Песчаная жизнь | страница 19



— Бабуль, с добрым утром! — хватаю за руку, теплую, мягкую, целую подставленную щеку. Бурлит, грохочет крышкой кастрюлька, стреляет масло на сковороду. В окне в зеленых липах прыгают с ветки на ветку и щебечут воробьи. Гуляют по подоконнику голуби.

Вдруг становиться грустно. Я забираюсь с ногами на стул и смотрю с мольбой.

— Чего ты, Дима?

Губы дрожат, шмыгаю носом.

Бабушка ставит передо мною чай. Размешивает сладость в каждом глотке ложкой, звенит в воздухе подобно колокольчику. Только лишь улыбается. Запрыгивает на стол кошка. Ворует сухари.

Окна выходят на площадь. В утренних лучах она пустынна и спокойна. Лишь подобно китам фыркают неповоротливые «икарусы», распахивая двери на остановке, впуская во внутрь сонных и растрепанных пассажиров.

В спальне в поисках носка заглядываю под кровать. Выискивая шорты, смотрю под стулом. Майка на зеркале. Кепка на цветке. Гляжу в окно. Птицы в небе. Канализационные люки и крыши гаражей внизу. Дикие котята играют с тенями и своими хвостами. Я с тоской смотрю на всё это. А солнце все выше и мысли светлее. Внизу под окнами ждет меня мама.

— Дана, как хочется не взрослеть, быть этим маленьким мальчиком.

— Да, в детстве я любила лазать по деревьям и драться с пацанами, мои коленки были всегда изодраны, локти тоже. Помню, как всегда хотелось содрать застывшую коросту с раны, сдирала, пила свою кровь. Или наемся зеленых яблок и потом неделями…

— Я не совсем об этом…

— А о чем?

— Я о том, как чувствовалась тогда жизнь. Я о том, как хотелось просыпаться утром, и о том, как не хотелось засыпать. Как каждый день был, что ли, совершенно законченным, весь в себе. Каждое утро, словно, просыпался в новом удивительном и теплом мире…

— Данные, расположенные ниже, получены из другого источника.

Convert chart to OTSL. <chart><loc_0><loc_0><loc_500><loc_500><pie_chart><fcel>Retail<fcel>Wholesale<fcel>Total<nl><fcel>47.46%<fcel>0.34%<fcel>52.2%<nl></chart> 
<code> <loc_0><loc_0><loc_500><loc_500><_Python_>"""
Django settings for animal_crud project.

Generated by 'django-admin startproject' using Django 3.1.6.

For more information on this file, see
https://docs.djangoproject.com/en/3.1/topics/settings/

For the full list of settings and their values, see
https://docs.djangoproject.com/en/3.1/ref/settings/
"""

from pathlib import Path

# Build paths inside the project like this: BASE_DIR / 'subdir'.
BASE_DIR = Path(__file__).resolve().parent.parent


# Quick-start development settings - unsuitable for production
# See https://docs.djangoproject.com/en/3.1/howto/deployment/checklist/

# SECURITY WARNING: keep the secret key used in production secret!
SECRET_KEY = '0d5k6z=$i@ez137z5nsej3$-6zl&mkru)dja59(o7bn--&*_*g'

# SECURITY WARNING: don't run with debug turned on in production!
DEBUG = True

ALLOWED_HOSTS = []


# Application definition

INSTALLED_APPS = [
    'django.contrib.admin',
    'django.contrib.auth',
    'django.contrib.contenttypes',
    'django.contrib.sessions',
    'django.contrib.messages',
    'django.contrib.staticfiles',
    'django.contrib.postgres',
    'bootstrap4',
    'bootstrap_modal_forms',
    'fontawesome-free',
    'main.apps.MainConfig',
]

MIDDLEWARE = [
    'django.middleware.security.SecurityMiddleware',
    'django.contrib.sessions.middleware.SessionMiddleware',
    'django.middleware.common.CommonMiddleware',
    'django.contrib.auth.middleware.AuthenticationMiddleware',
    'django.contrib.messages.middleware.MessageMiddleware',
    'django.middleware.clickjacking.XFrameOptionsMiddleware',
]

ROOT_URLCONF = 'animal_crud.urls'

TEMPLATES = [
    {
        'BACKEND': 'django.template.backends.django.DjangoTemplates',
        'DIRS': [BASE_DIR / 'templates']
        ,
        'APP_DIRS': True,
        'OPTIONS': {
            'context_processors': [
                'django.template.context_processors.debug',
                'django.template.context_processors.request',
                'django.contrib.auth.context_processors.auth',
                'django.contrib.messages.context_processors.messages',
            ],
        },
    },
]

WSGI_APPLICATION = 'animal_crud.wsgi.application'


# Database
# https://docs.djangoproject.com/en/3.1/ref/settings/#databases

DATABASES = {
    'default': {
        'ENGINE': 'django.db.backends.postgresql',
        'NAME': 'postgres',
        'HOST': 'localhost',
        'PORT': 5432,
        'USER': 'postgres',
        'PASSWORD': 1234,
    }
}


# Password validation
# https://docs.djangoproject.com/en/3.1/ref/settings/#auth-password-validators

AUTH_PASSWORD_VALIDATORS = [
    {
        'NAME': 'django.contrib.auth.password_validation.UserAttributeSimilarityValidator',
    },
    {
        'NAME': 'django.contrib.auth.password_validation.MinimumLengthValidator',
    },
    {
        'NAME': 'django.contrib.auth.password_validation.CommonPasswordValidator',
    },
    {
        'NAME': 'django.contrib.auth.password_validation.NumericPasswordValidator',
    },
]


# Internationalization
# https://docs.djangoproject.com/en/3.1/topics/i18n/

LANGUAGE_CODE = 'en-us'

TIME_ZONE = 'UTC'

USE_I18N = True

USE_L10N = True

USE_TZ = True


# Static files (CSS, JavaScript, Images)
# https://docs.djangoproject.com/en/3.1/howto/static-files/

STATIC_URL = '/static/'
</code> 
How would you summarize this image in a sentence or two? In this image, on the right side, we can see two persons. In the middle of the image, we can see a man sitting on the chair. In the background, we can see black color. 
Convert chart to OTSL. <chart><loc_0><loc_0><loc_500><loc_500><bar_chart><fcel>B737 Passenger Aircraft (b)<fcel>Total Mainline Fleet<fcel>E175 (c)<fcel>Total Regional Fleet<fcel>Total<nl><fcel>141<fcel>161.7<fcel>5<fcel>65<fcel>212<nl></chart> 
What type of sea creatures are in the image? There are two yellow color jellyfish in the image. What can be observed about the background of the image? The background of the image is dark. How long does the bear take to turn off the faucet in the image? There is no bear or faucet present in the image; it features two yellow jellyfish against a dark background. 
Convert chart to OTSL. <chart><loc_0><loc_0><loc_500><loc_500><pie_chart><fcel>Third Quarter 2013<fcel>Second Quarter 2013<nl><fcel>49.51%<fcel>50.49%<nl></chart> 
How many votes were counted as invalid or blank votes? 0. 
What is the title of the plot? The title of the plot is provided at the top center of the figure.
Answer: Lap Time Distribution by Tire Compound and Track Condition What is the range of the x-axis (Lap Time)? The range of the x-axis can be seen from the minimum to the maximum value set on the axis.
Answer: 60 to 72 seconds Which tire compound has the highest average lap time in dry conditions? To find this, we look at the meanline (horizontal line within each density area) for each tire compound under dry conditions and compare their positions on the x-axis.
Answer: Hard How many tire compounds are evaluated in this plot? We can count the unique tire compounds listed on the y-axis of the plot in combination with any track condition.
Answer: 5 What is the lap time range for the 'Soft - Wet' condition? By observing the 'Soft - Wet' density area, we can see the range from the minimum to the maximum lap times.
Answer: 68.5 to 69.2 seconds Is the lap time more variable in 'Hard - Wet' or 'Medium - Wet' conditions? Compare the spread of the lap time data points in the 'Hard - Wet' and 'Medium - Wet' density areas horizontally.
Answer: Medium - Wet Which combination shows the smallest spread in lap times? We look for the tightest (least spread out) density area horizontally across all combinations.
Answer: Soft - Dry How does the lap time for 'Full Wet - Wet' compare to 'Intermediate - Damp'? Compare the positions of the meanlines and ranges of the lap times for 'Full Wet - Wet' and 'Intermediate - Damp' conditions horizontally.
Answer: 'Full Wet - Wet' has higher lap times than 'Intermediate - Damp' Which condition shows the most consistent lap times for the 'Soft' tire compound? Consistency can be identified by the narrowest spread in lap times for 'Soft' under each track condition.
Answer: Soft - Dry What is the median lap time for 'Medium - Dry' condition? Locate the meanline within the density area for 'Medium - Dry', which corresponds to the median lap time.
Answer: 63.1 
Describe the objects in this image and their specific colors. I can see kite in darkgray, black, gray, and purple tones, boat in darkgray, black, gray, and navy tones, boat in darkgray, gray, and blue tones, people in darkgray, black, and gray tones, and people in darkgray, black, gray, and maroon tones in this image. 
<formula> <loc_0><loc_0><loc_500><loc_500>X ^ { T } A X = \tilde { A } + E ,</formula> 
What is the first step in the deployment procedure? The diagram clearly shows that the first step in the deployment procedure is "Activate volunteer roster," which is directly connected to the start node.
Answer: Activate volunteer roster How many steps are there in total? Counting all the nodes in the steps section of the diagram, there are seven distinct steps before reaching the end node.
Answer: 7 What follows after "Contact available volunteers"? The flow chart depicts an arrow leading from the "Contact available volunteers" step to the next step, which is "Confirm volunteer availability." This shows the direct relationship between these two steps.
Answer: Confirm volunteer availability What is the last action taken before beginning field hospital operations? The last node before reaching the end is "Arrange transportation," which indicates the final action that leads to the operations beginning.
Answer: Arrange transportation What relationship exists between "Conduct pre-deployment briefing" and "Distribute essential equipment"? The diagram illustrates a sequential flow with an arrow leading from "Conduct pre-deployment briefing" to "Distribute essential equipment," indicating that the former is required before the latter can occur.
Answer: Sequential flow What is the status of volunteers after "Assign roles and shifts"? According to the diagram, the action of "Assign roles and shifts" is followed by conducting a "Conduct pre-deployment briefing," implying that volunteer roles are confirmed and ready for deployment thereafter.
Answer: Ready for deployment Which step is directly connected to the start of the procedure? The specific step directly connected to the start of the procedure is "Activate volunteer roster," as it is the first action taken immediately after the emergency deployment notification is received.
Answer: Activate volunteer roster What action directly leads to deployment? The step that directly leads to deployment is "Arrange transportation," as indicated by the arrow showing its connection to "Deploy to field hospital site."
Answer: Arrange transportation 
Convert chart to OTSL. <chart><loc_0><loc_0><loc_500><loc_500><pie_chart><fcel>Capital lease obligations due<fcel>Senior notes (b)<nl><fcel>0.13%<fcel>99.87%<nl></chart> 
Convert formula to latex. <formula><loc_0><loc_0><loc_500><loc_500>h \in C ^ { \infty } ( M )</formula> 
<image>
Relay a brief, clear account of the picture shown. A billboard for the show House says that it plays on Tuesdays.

— Мы всегда приписываем детству многое, чего не было.

— Почему ты так говоришь?

— Мы придумываем прожитую жизнь, переписываем её, на свое усмотрение, а все было совсем не так… После и этот день ты перепишешь. Он станет еще одной живописной страницей твоей юности, а на самом деле ты только и делаешь сегодня, что лезешь мне рукой под юбку и жуешь мой язык. А после некоторой корректуры, лет так через десять, у тебя получатся одни только целомудренные разговоры, разве не так?

— По-твоему лучше — ляжки и языки?!

— По моему — да. Но хватит! Мне так сложно разбирать твои слова, ты или целуй меня, или разглагольствуй.

— Лаэ, э оаэ, воыэ…

Мы целуемся. Но при этом мне не отделаться от ощущения, что одновременно меня накрывает светом того самого дня из моего детства, когда я сбежал по лестнице, вылетел из подъезда и обнял маму. Реальное воспоминание или мои фантазии? Не знаю, но иногда мне кажется, что Дана похожа, впрочем, едва заметно, на мою маму. Возможно, я по данному пункту — двинутый.